╭──

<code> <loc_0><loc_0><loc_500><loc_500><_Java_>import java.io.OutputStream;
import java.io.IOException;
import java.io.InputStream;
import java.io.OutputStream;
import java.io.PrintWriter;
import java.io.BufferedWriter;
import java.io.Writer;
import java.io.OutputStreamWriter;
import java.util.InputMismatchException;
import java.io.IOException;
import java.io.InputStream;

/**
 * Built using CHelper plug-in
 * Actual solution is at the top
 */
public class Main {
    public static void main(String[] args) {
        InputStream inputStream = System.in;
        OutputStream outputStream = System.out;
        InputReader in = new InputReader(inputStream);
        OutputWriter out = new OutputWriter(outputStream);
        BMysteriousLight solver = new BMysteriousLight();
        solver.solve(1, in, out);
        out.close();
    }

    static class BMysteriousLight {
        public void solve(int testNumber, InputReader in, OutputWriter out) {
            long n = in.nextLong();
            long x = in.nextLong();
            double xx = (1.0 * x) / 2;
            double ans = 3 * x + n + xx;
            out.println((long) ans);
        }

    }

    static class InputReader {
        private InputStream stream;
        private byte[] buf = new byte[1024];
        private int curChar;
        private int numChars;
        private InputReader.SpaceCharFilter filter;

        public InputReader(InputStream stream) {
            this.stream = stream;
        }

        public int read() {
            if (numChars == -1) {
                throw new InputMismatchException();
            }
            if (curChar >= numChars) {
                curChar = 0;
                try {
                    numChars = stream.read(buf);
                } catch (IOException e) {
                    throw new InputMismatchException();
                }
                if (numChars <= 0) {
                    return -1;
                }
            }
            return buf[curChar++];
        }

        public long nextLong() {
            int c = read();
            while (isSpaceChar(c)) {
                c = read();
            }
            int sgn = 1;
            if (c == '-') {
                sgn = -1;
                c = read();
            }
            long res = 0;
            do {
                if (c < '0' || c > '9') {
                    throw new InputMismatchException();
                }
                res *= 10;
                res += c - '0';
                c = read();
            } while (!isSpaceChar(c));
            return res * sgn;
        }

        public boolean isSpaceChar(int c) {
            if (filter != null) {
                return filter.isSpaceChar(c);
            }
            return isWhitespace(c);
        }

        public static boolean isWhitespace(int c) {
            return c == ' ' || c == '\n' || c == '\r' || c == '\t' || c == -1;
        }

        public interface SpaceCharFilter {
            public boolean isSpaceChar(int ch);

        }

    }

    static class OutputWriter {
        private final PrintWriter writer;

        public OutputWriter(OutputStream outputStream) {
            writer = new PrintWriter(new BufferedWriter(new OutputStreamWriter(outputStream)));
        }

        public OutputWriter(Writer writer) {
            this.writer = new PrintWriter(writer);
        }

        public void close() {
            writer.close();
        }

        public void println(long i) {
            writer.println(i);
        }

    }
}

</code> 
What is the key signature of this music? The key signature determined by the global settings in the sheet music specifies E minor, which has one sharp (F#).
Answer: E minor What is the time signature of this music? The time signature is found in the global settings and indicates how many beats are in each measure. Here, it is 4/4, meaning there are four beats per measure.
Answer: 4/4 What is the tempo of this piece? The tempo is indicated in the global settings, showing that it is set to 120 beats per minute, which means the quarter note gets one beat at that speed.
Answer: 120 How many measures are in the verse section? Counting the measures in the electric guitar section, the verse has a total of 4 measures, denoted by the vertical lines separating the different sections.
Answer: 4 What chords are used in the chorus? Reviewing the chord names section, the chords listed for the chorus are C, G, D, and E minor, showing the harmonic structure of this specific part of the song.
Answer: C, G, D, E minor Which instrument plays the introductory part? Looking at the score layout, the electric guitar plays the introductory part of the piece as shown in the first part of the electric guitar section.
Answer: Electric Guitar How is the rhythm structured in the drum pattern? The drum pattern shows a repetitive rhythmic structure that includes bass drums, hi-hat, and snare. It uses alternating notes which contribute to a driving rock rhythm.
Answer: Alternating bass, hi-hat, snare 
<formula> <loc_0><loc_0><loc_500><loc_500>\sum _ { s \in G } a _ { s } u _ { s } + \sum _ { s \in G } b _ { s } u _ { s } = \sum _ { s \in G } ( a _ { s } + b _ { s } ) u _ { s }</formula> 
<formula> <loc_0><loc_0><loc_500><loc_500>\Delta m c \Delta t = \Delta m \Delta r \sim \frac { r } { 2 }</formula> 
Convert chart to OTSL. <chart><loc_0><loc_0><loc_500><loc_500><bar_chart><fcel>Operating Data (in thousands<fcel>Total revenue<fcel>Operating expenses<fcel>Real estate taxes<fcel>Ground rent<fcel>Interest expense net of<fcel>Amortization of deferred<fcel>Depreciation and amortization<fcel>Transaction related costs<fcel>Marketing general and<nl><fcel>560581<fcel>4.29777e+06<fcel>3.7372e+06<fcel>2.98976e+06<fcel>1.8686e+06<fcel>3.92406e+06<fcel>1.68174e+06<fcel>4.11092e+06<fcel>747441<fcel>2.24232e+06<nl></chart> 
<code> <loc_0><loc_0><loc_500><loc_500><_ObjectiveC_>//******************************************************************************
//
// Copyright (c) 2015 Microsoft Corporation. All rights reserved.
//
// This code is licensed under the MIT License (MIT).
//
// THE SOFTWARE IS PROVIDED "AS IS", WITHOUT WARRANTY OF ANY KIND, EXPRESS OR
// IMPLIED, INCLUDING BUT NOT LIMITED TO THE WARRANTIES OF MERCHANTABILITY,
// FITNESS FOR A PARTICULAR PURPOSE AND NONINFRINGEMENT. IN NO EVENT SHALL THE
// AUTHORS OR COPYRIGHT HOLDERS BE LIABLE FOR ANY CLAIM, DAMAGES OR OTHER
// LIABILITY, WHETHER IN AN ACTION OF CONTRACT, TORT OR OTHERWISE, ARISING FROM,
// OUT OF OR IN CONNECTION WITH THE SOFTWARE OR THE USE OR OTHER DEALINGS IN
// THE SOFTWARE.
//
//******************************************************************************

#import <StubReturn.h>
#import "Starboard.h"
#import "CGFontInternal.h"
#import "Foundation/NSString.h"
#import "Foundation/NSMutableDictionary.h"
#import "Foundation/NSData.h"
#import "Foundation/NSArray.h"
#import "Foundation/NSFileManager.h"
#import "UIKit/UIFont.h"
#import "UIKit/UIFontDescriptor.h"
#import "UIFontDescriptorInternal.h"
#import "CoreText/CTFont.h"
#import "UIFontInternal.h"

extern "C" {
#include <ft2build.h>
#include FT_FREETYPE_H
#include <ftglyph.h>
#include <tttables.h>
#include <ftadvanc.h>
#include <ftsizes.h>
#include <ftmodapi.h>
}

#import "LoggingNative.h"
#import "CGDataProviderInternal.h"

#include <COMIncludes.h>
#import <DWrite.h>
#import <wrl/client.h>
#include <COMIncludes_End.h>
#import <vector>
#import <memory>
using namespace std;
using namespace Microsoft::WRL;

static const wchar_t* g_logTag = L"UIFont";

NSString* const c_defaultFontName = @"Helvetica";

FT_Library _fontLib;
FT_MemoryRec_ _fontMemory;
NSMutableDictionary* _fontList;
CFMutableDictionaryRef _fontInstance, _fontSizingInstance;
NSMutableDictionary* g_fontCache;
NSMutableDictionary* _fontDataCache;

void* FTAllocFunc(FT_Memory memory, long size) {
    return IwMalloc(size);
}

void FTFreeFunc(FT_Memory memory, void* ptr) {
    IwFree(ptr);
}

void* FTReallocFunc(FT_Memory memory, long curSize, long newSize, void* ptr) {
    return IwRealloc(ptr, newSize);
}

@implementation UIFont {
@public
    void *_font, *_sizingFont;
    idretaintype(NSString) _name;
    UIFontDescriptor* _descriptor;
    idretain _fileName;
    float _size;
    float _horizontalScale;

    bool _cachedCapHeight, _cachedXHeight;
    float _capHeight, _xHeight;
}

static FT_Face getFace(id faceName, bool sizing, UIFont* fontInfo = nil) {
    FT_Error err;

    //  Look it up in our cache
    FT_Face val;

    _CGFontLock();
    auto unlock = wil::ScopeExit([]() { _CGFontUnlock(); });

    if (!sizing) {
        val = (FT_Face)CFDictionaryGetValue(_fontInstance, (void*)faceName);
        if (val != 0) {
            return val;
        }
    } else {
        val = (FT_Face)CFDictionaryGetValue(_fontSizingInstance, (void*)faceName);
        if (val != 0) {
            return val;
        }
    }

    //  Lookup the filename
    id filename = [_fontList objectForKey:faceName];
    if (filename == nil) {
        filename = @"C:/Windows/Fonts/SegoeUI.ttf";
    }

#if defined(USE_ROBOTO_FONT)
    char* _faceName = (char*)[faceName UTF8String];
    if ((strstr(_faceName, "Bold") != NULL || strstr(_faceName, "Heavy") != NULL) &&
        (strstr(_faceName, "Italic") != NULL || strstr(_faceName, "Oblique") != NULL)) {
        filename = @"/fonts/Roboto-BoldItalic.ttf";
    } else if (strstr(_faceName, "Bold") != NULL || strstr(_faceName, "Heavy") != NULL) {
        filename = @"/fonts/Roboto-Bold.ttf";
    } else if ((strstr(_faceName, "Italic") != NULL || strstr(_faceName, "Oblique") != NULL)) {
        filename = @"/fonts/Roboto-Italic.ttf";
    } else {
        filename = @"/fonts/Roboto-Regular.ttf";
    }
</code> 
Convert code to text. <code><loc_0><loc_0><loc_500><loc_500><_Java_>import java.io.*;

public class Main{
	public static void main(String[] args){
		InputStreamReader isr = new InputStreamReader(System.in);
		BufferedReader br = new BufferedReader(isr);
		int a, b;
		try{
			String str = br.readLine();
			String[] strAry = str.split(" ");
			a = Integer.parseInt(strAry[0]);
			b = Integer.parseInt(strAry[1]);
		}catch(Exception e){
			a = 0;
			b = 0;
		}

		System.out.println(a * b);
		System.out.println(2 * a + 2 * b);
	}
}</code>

╰──

### [Directions]
Each line in the records above with "const" must be returned.

### [Solution to this problem]
static const wchar_t* g_logTag = L"UIFont";
NSString* const c_defaultFontName = @"Helvetica";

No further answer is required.